In an interview that would come to haunt him, published in the Financial Times on October 17, Piñera captured the ethos of the Chilean model as seen from the perspective of the ruling class: “Look at Latin America,” Piñera said. “Argentina and Paraguay are in recession, Mexico and Brazil in stagnation, Peru and Ecuador in deep political crisis and in this context Chile looks like an oasis because we have stable democracy, the economy is growing, we are creating jobs, we are improving salaries and we are keeping macroeconomic balance . . . Is it easy? No, it’s not. But it’s worth fighting for.”
The next day the country exploded, with “oasis” becoming a popular meme ridiculing Piñera. If in Ecuador the spark had been diesel and gasoline price hikes, in Chile it was a fare increase on Santiago’s public subway system. Santiago has one of the most expensive public transit systems in the world, with an accumulated 40 percent increase in fares between 2010 and 2015 in real terms.
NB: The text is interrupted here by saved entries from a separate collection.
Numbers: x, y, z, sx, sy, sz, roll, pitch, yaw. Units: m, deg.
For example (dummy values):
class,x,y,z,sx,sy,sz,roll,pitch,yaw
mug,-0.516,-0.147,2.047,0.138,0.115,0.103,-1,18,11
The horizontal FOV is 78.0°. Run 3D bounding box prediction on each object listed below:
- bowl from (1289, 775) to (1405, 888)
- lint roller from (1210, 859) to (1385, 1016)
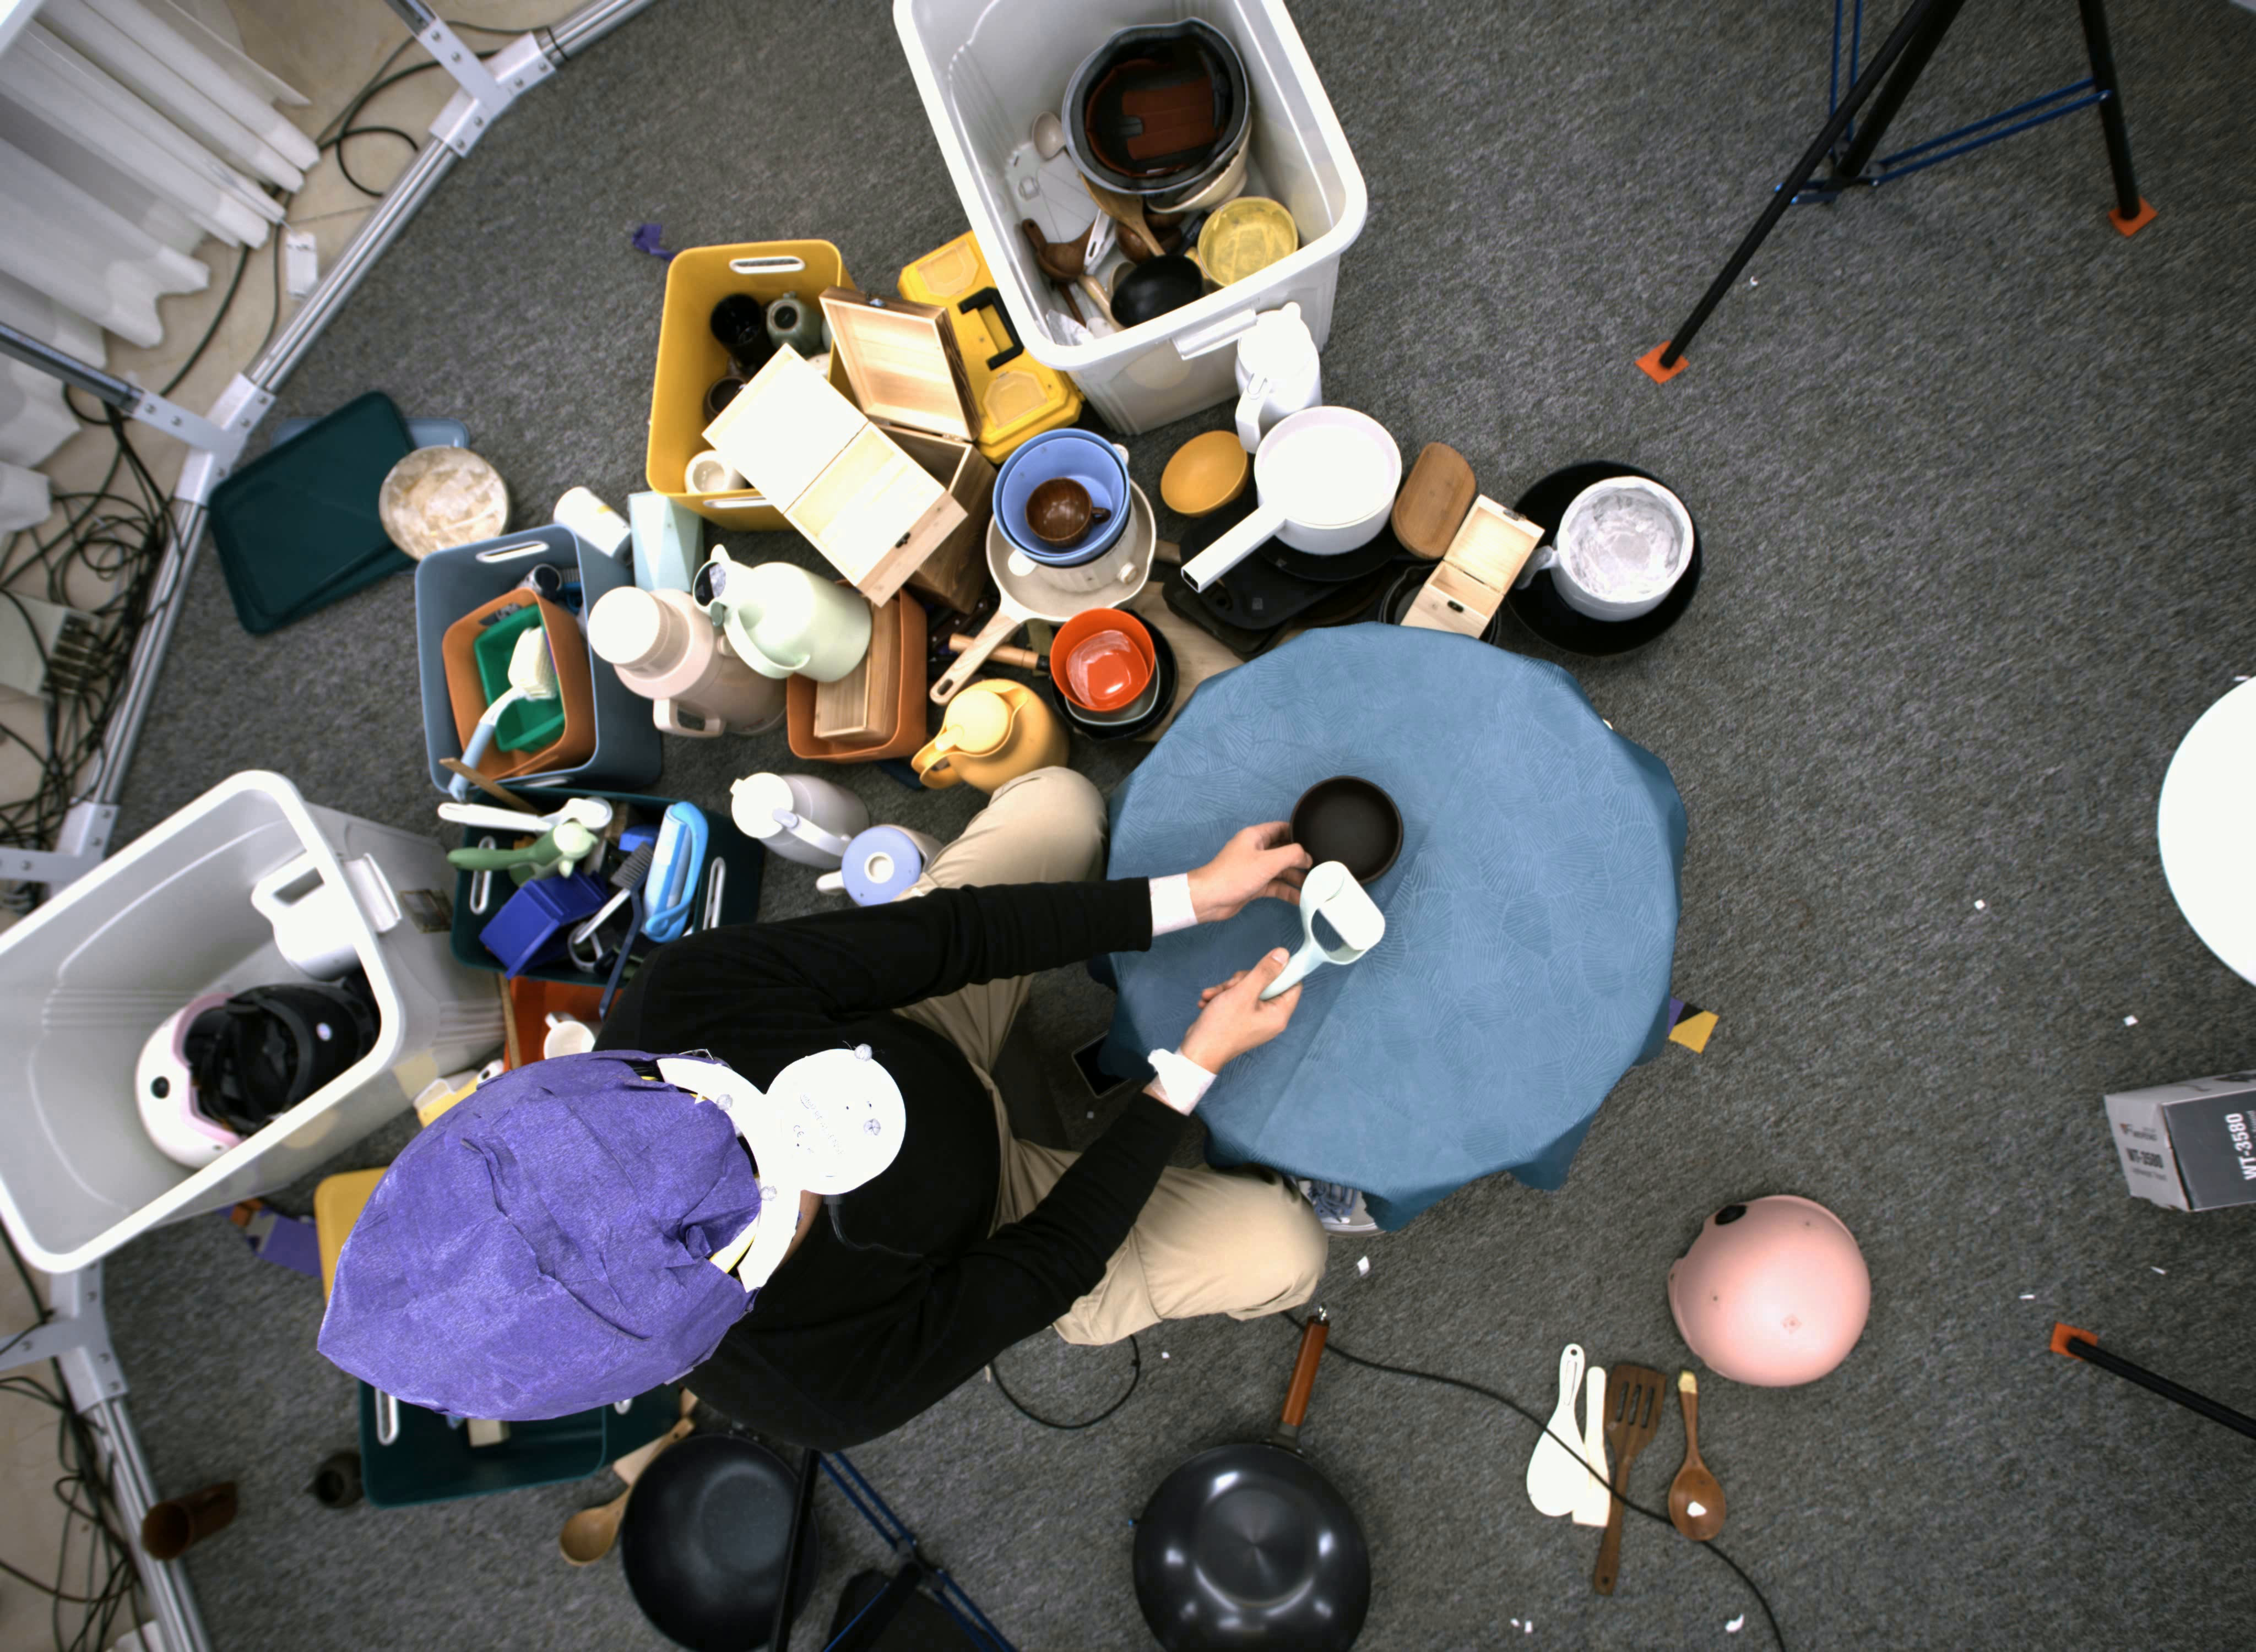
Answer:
class,x,y,z,sx,sy,sz,roll,pitch,yaw
bowl,0.228,0.007,1.435,0.118,0.070,0.117,-1,87,12
lint roller,0.163,0.126,1.386,0.198,0.118,0.048,-43,46,3

The first actor to move was the student movement which organized a “mass evasion” demonstration in the subway, in which demonstrators would not pay the fare in a collective act of resistance. The police responded with gratuitous state repression, stoking popular anger and support for the evasive action.
State security forces unleashed still more violence, with the president quickly declaring a state of emergency, suspending various constitutional rights, a curfew first in Santiago and then later throughout many of the country’s cities, and sending the military into the streets with heavily armoured vehicles for the first time since 1990. In a further gesture to the dark era of Pinochet, Piñera announced that the regime was “at war” with a powerful internal enemy.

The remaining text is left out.